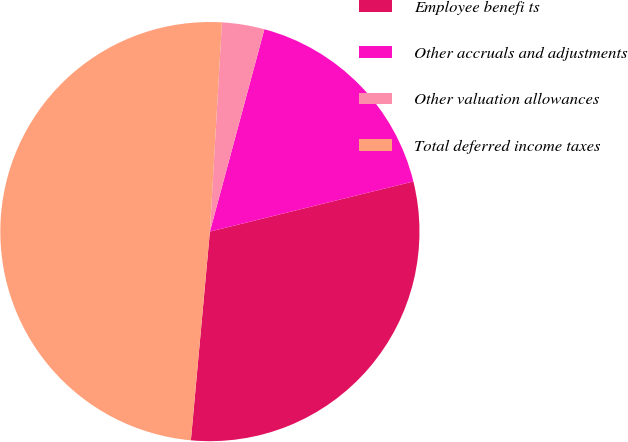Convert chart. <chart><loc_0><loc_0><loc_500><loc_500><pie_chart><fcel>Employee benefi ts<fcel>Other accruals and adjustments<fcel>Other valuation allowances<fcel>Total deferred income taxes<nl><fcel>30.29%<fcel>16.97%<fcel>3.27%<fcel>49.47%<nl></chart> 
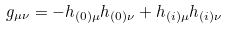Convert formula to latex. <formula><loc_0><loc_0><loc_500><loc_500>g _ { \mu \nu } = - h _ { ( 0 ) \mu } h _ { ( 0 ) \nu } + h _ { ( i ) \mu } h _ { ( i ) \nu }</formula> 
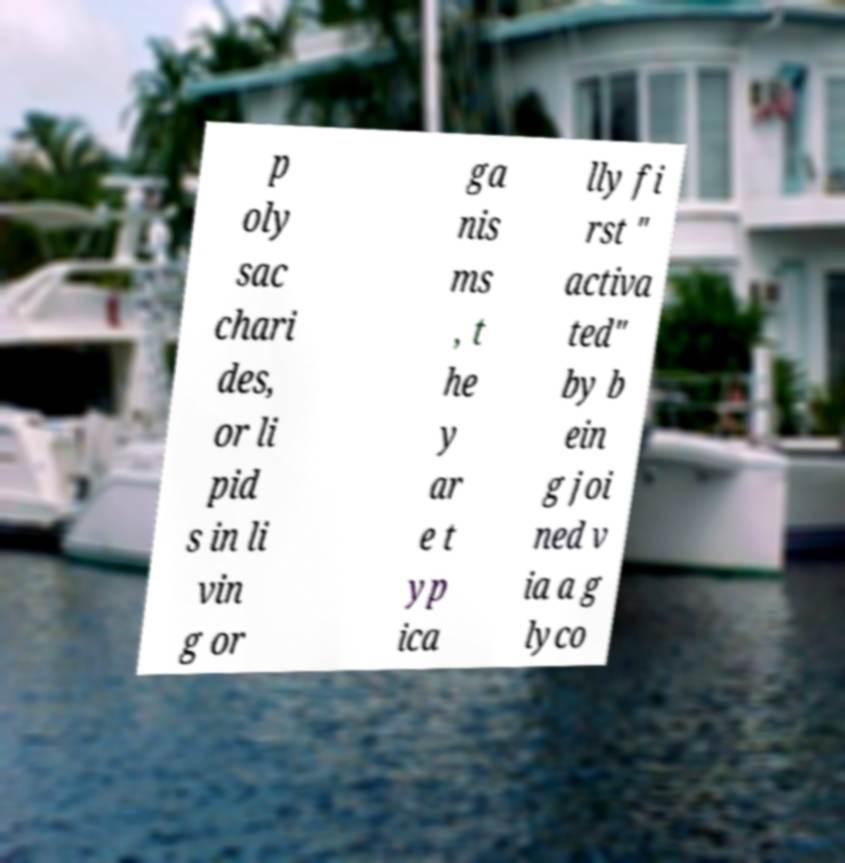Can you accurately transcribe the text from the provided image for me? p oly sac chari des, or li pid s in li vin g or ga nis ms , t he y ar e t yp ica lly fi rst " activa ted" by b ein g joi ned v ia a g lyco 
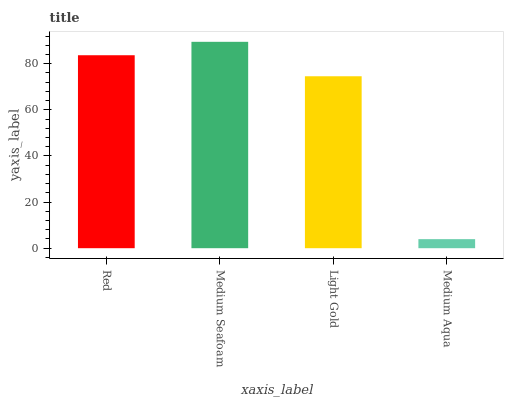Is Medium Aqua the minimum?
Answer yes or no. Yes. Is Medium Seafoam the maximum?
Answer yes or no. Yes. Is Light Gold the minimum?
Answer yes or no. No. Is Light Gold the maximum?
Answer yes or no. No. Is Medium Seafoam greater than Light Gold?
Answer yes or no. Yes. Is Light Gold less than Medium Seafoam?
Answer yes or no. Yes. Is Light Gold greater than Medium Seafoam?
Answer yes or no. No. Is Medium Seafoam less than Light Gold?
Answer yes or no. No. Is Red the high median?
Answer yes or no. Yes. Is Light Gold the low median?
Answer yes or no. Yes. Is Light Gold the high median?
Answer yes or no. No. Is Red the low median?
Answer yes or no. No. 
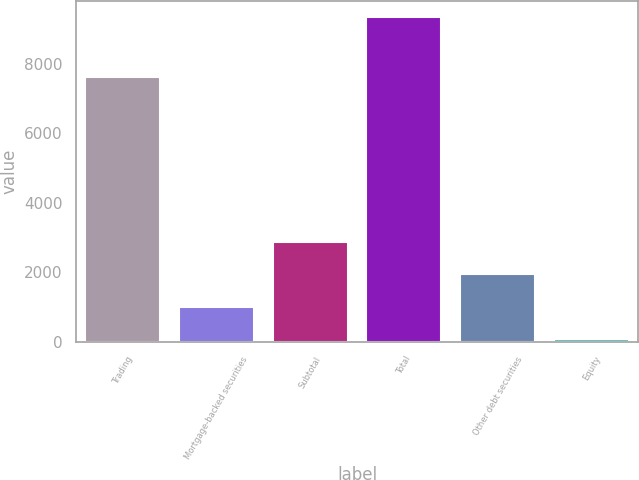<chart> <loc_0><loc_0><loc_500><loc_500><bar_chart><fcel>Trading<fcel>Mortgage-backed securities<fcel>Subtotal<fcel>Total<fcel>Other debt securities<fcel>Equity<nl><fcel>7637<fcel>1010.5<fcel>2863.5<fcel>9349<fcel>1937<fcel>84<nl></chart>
____________________
• Your goal: Since only the text is needed, retype the data above exactly and omit the pictures.

• Response area:
Convert chart. <chart><loc_0><loc_0><loc_500><loc_500><pie_chart><fcel>Employee benefi ts<fcel>Other accruals and adjustments<fcel>Other valuation allowances<fcel>Total deferred income taxes<nl><fcel>30.29%<fcel>16.97%<fcel>3.27%<fcel>49.47%<nl></chart> 
Convert formula to latex. <formula><loc_0><loc_0><loc_500><loc_500>g _ { \mu \nu } = - h _ { ( 0 ) \mu } h _ { ( 0 ) \nu } + h _ { ( i ) \mu } h _ { ( i ) \nu }</formula> 
Can you accurately transcribe the text from the provided image for me? p oly sac chari des, or li pid s in li vin g or ga nis ms , t he y ar e t yp ica lly fi rst " activa ted" by b ein g joi ned v ia a g lyco 
Is Medium Aqua the minimum?
Answer yes or no. Yes. Is Medium Seafoam the maximum?
Answer yes or no. Yes. Is Light Gold the minimum?
Answer yes or no. No. Is Light Gold the maximum?
Answer yes or no. No. Is Medium Seafoam greater than Light Gold?
Answer yes or no. Yes. Is Light Gold less than Medium Seafoam?
Answer yes or no. Yes. Is Light Gold greater than Medium Seafoam?
Answer yes or no. No. Is Medium Seafoam less than Light Gold?
Answer yes or no. No. Is Red the high median?
Answer yes or no. Yes. Is Light Gold the low median?
Answer yes or no. Yes. Is Light Gold the high median?
Answer yes or no. No. Is Red the low median?
Answer yes or no. No. 
<chart> <loc_0><loc_0><loc_500><loc_500><bar_chart><fcel>Trading<fcel>Mortgage-backed securities<fcel>Subtotal<fcel>Total<fcel>Other debt securities<fcel>Equity<nl><fcel>7637<fcel>1010.5<fcel>2863.5<fcel>9349<fcel>1937<fcel>84<nl></chart>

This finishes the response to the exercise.